じゃ、これらの本も買ってみよう。それと、円丈全集全5巻は、買って読もう。と決意しました。
そうだ。今、思い出した。30年前といえば、月刊『ガロ』に私は連載をしていた。
「鈴木邦男の文化サーフィン」だ。映画、落語、芝居などを毎日のように見て歩き、それを書いたのだ。
左右の運動の話なんて全くない。実に文化的な生活だった。
時間があったからなのか、のんびりと、一日中、歌舞伎を見たり、落語家とお酒を飲んだりしていた。
その中で、生まれ、考えたことは多い。
でも、本は30冊は読んでいたようだ。
中野図書館では月に30冊、借りられる。大活字コーナーは500冊くらい読んだ。
又、作家だと、テーマごとにその棚を一つずつ制覇している。
新書の棚なんか、「歴史」「芸術」「生活」…と、まとめて15冊ずつ読んでいる。
「じゃ、ここから15冊だ」となると、思いもかけない本も入っている。でも仕方なく読む。
今週は港千尋『芸術回帰論』、大場秀章『バラの誕生』、安藤優一郎『大名庭園を楽しむ』なんて読んだな。
『結び方、しばり方の早引き便利帳』なんて本も読んだな。ひもの結び方の本だ。紙飛行機の本も読んだ。
「棚のはじから15冊」という感じで読んでるから、全く意外なものも入る。
いいだろう。河口鴻三『和製英語が役に立つ』は面白かった。どの本だったか忘れたが、「もの忘れ」の本にあった。

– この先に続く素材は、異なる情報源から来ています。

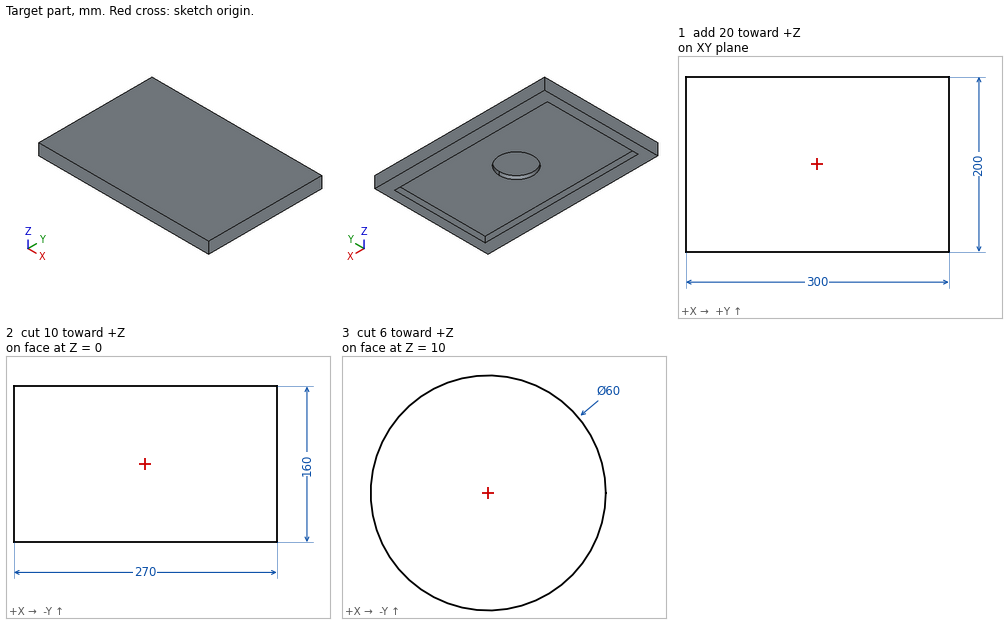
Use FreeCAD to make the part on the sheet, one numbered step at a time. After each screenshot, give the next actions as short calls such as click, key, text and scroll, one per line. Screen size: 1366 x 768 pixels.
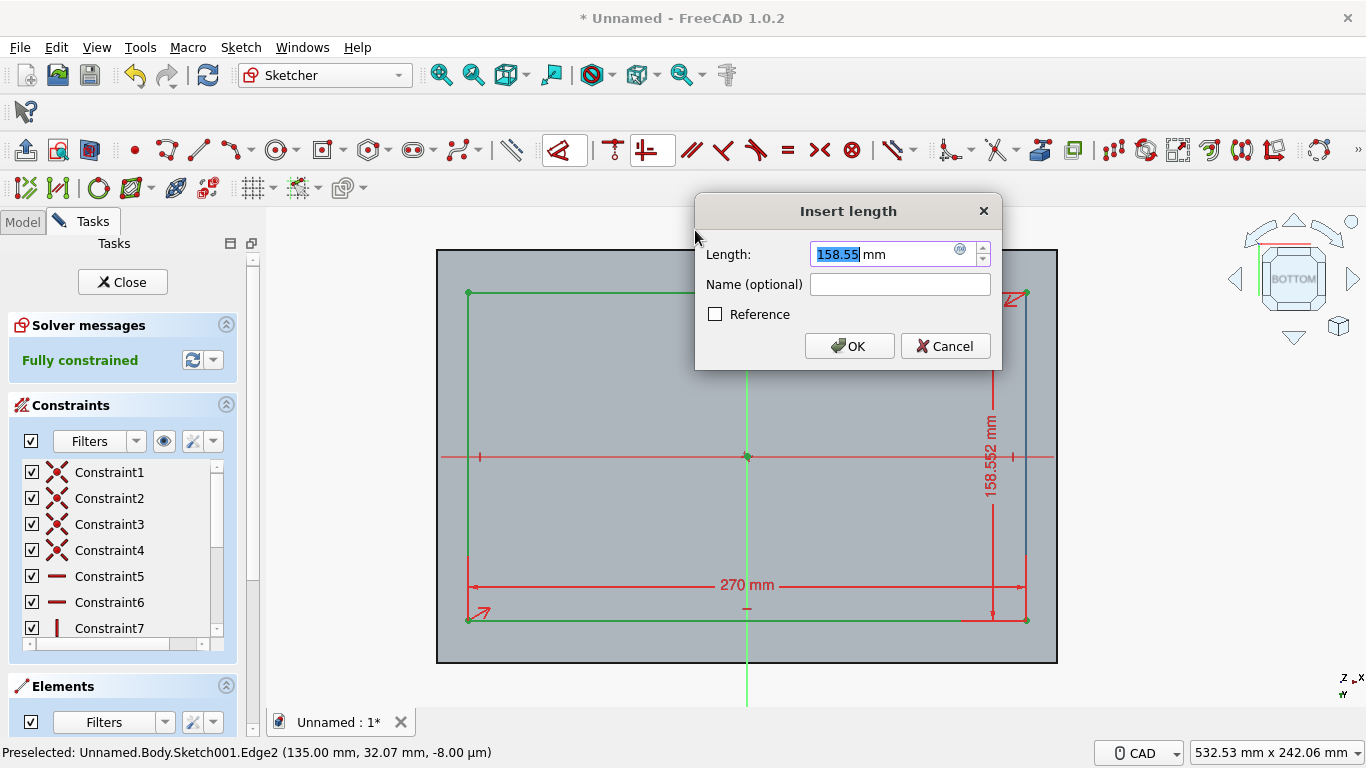
text(160)
key(Return)

「固有名詞は忘れても、抽象名詞は忘れない」と書いていた。
人の名前、土地の名前などはどんどん忘れるが、〈愛〉、〈平和〉、〈戦争〉などの抽象名詞は忘れない。そっちの方が大切だからだ、という意味らしい。
だから円丈さんも、その辺の人の名前や、土地の名前なんか忘れていいんだ。
どうせ、自分より劣った人間どもだ。覚えてなくても…。
むしろ、〈戦争〉とか〈平和〉について、思いつくままに、筋書きもなく、喋ったらいい。

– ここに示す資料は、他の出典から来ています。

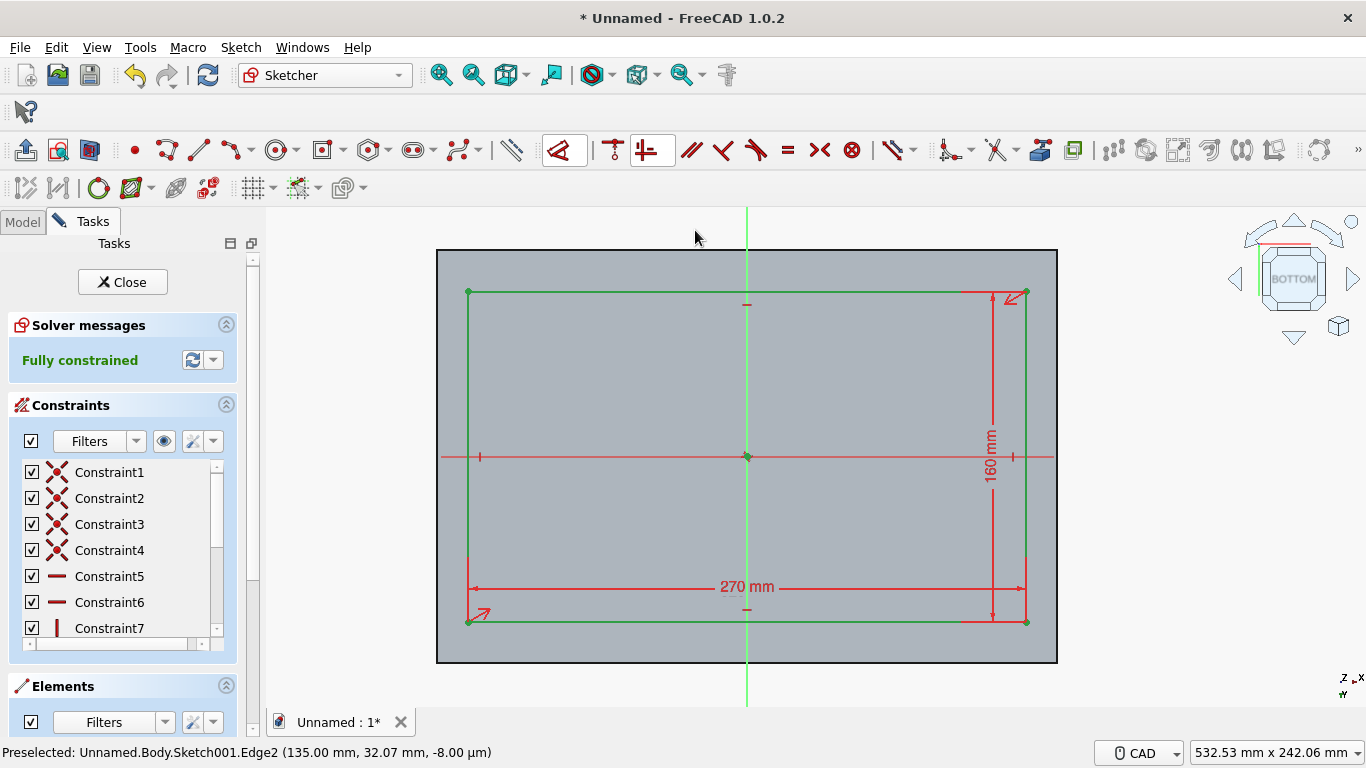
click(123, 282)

どこで終わってもいい。毎回、違ってもいい。円丈さんのその時の思い、怒り、憂い…だけを喋ったらいい。そしたら、カンペなんかいらないよ。
今度会ったら、そう言ってみよう。
⑦前に講道館で一緒に柔道を習っていた五味田君もフォーラムに来てくれました。「今、これを読んでるんです」と1冊の本を取り出しました。谷口雅春先生の『人生を支配する先祖供養』です。生長の家や大本教に関心があるそうです。久しぶりに会ったら、私を見て、「大本教の出口王仁三郎に似てきましたね」と不思議なことを言ってました。